» Assignment: Down to the final character, output the records below as they stand.

------

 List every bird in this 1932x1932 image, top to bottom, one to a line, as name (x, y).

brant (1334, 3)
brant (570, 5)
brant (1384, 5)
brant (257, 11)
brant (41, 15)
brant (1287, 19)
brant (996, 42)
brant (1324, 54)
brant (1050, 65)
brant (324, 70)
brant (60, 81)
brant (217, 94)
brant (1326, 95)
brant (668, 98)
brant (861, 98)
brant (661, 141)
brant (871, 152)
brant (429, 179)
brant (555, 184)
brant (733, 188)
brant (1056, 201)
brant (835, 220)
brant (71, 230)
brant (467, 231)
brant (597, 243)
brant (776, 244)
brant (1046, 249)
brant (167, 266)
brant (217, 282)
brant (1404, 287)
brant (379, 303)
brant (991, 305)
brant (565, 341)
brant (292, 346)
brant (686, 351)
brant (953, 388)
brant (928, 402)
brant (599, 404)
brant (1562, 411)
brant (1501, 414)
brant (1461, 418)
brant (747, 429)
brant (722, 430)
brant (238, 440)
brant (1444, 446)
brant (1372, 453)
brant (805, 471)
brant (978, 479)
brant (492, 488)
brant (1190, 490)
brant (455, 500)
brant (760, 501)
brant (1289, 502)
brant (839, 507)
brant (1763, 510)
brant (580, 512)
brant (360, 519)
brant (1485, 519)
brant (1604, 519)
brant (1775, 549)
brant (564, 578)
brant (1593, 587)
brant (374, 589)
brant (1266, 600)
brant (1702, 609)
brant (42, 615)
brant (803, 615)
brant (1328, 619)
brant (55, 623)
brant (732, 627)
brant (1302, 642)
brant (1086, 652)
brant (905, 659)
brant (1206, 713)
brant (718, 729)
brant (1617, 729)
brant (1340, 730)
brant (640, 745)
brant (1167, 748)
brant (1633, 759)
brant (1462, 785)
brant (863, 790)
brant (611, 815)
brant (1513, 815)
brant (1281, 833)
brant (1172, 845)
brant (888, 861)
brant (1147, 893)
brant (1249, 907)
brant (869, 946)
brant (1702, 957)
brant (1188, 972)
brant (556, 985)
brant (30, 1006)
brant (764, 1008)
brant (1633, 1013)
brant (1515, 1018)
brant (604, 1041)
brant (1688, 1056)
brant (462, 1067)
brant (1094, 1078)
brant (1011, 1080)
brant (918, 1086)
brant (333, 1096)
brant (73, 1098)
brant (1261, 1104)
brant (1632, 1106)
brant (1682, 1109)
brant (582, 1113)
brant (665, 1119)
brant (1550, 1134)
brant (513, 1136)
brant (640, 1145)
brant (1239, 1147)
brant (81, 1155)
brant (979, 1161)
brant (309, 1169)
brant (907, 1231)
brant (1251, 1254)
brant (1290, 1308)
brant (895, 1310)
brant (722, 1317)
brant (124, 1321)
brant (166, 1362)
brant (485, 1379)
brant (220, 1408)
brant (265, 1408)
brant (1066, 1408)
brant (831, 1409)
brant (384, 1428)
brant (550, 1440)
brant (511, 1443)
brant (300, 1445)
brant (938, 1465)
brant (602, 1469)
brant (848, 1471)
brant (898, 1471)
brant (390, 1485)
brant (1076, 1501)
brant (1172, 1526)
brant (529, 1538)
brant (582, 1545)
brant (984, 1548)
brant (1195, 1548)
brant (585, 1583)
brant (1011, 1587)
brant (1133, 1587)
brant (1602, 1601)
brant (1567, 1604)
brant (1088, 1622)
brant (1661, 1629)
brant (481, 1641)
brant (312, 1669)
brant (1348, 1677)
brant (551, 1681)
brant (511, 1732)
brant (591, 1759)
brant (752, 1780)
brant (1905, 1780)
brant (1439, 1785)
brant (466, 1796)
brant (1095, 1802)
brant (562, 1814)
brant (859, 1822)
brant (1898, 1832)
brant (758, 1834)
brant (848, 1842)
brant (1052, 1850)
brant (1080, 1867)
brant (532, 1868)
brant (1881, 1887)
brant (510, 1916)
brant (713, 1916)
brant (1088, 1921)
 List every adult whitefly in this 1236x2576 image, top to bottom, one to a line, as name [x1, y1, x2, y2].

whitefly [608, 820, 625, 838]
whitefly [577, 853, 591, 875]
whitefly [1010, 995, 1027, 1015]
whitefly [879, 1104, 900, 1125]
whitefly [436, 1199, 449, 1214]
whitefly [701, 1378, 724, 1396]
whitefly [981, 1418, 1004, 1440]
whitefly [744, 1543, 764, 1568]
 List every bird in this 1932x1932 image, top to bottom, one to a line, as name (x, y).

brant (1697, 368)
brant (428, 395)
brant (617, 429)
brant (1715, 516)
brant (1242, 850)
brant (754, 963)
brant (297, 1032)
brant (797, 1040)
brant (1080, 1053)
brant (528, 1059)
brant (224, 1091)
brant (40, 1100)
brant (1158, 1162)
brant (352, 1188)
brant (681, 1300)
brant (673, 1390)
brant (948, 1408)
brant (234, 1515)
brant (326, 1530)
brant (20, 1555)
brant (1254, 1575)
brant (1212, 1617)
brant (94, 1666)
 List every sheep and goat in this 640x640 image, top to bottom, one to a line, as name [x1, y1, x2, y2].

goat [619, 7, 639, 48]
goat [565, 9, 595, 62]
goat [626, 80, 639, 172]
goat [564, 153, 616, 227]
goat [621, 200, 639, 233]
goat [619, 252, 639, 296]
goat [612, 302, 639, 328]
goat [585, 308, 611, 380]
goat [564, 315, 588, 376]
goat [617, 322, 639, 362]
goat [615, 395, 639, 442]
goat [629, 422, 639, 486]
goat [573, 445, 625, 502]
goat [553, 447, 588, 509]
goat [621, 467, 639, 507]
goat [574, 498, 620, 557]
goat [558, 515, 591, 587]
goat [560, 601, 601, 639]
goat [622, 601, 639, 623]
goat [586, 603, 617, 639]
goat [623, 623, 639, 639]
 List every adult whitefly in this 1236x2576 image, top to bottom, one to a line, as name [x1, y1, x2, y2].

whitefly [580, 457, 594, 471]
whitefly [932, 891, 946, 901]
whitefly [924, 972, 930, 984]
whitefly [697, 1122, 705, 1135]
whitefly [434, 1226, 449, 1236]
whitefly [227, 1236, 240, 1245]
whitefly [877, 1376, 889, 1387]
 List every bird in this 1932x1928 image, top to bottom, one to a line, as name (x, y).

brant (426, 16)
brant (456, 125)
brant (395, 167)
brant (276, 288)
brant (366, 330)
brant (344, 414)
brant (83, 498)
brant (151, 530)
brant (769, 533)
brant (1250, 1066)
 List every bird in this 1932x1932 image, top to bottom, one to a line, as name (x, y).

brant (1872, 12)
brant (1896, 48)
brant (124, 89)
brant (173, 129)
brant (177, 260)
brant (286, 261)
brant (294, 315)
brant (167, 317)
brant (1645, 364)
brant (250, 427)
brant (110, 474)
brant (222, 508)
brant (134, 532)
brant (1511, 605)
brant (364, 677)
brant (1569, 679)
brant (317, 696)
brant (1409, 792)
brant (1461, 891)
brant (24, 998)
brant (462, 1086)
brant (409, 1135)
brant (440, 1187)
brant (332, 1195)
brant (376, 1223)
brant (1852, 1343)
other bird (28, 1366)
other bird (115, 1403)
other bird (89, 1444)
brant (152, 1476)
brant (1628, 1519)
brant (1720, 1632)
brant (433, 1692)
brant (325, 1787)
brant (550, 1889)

------

» Answer to this exercise:
 List every bird in this 1932x1932 image, top to bottom, one to a line, as name (x, y).

brant (1334, 3)
brant (570, 5)
brant (1384, 5)
brant (257, 11)
brant (41, 15)
brant (1287, 19)
brant (996, 42)
brant (1324, 54)
brant (1050, 65)
brant (324, 70)
brant (60, 81)
brant (217, 94)
brant (1326, 95)
brant (668, 98)
brant (861, 98)
brant (661, 141)
brant (871, 152)
brant (429, 179)
brant (555, 184)
brant (733, 188)
brant (1056, 201)
brant (835, 220)
brant (71, 230)
brant (467, 231)
brant (597, 243)
brant (776, 244)
brant (1046, 249)
brant (167, 266)
brant (217, 282)
brant (1404, 287)
brant (379, 303)
brant (991, 305)
brant (565, 341)
brant (292, 346)
brant (686, 351)
brant (953, 388)
brant (928, 402)
brant (599, 404)
brant (1562, 411)
brant (1501, 414)
brant (1461, 418)
brant (747, 429)
brant (722, 430)
brant (238, 440)
brant (1444, 446)
brant (1372, 453)
brant (805, 471)
brant (978, 479)
brant (492, 488)
brant (1190, 490)
brant (455, 500)
brant (760, 501)
brant (1289, 502)
brant (839, 507)
brant (1763, 510)
brant (580, 512)
brant (360, 519)
brant (1485, 519)
brant (1604, 519)
brant (1775, 549)
brant (564, 578)
brant (1593, 587)
brant (374, 589)
brant (1266, 600)
brant (1702, 609)
brant (42, 615)
brant (803, 615)
brant (1328, 619)
brant (55, 623)
brant (732, 627)
brant (1302, 642)
brant (1086, 652)
brant (905, 659)
brant (1206, 713)
brant (718, 729)
brant (1617, 729)
brant (1340, 730)
brant (640, 745)
brant (1167, 748)
brant (1633, 759)
brant (1462, 785)
brant (863, 790)
brant (611, 815)
brant (1513, 815)
brant (1281, 833)
brant (1172, 845)
brant (888, 861)
brant (1147, 893)
brant (1249, 907)
brant (869, 946)
brant (1702, 957)
brant (1188, 972)
brant (556, 985)
brant (30, 1006)
brant (764, 1008)
brant (1633, 1013)
brant (1515, 1018)
brant (604, 1041)
brant (1688, 1056)
brant (462, 1067)
brant (1094, 1078)
brant (1011, 1080)
brant (918, 1086)
brant (333, 1096)
brant (73, 1098)
brant (1261, 1104)
brant (1632, 1106)
brant (1682, 1109)
brant (582, 1113)
brant (665, 1119)
brant (1550, 1134)
brant (513, 1136)
brant (640, 1145)
brant (1239, 1147)
brant (81, 1155)
brant (979, 1161)
brant (309, 1169)
brant (907, 1231)
brant (1251, 1254)
brant (1290, 1308)
brant (895, 1310)
brant (722, 1317)
brant (124, 1321)
brant (166, 1362)
brant (485, 1379)
brant (220, 1408)
brant (265, 1408)
brant (1066, 1408)
brant (831, 1409)
brant (384, 1428)
brant (550, 1440)
brant (511, 1443)
brant (300, 1445)
brant (938, 1465)
brant (602, 1469)
brant (848, 1471)
brant (898, 1471)
brant (390, 1485)
brant (1076, 1501)
brant (1172, 1526)
brant (529, 1538)
brant (582, 1545)
brant (984, 1548)
brant (1195, 1548)
brant (585, 1583)
brant (1011, 1587)
brant (1133, 1587)
brant (1602, 1601)
brant (1567, 1604)
brant (1088, 1622)
brant (1661, 1629)
brant (481, 1641)
brant (312, 1669)
brant (1348, 1677)
brant (551, 1681)
brant (511, 1732)
brant (591, 1759)
brant (752, 1780)
brant (1905, 1780)
brant (1439, 1785)
brant (466, 1796)
brant (1095, 1802)
brant (562, 1814)
brant (859, 1822)
brant (1898, 1832)
brant (758, 1834)
brant (848, 1842)
brant (1052, 1850)
brant (1080, 1867)
brant (532, 1868)
brant (1881, 1887)
brant (510, 1916)
brant (713, 1916)
brant (1088, 1921)
 List every adult whitefly in this 1236x2576 image, top to bottom, one to a line, as name [x1, y1, x2, y2].

whitefly [608, 820, 625, 838]
whitefly [577, 853, 591, 875]
whitefly [1010, 995, 1027, 1015]
whitefly [879, 1104, 900, 1125]
whitefly [436, 1199, 449, 1214]
whitefly [701, 1378, 724, 1396]
whitefly [981, 1418, 1004, 1440]
whitefly [744, 1543, 764, 1568]
 List every bird in this 1932x1932 image, top to bottom, one to a line, as name (x, y).

brant (1697, 368)
brant (428, 395)
brant (617, 429)
brant (1715, 516)
brant (1242, 850)
brant (754, 963)
brant (297, 1032)
brant (797, 1040)
brant (1080, 1053)
brant (528, 1059)
brant (224, 1091)
brant (40, 1100)
brant (1158, 1162)
brant (352, 1188)
brant (681, 1300)
brant (673, 1390)
brant (948, 1408)
brant (234, 1515)
brant (326, 1530)
brant (20, 1555)
brant (1254, 1575)
brant (1212, 1617)
brant (94, 1666)
 List every sheep and goat in this 640x640 image, top to bottom, one to a line, as name [x1, y1, x2, y2].

goat [619, 7, 639, 48]
goat [565, 9, 595, 62]
goat [626, 80, 639, 172]
goat [564, 153, 616, 227]
goat [621, 200, 639, 233]
goat [619, 252, 639, 296]
goat [612, 302, 639, 328]
goat [585, 308, 611, 380]
goat [564, 315, 588, 376]
goat [617, 322, 639, 362]
goat [615, 395, 639, 442]
goat [629, 422, 639, 486]
goat [573, 445, 625, 502]
goat [553, 447, 588, 509]
goat [621, 467, 639, 507]
goat [574, 498, 620, 557]
goat [558, 515, 591, 587]
goat [560, 601, 601, 639]
goat [622, 601, 639, 623]
goat [586, 603, 617, 639]
goat [623, 623, 639, 639]
 List every adult whitefly in this 1236x2576 image, top to bottom, one to a line, as name [x1, y1, x2, y2].

whitefly [580, 457, 594, 471]
whitefly [932, 891, 946, 901]
whitefly [924, 972, 930, 984]
whitefly [697, 1122, 705, 1135]
whitefly [434, 1226, 449, 1236]
whitefly [227, 1236, 240, 1245]
whitefly [877, 1376, 889, 1387]
 List every bird in this 1932x1928 image, top to bottom, one to a line, as name (x, y).

brant (426, 16)
brant (456, 125)
brant (395, 167)
brant (276, 288)
brant (366, 330)
brant (344, 414)
brant (83, 498)
brant (151, 530)
brant (769, 533)
brant (1250, 1066)
 List every bird in this 1932x1932 image, top to bottom, one to a line, as name (x, y).

brant (1872, 12)
brant (1896, 48)
brant (124, 89)
brant (173, 129)
brant (177, 260)
brant (286, 261)
brant (294, 315)
brant (167, 317)
brant (1645, 364)
brant (250, 427)
brant (110, 474)
brant (222, 508)
brant (134, 532)
brant (1511, 605)
brant (364, 677)
brant (1569, 679)
brant (317, 696)
brant (1409, 792)
brant (1461, 891)
brant (24, 998)
brant (462, 1086)
brant (409, 1135)
brant (440, 1187)
brant (332, 1195)
brant (376, 1223)
brant (1852, 1343)
other bird (28, 1366)
other bird (115, 1403)
other bird (89, 1444)
brant (152, 1476)
brant (1628, 1519)
brant (1720, 1632)
brant (433, 1692)
brant (325, 1787)
brant (550, 1889)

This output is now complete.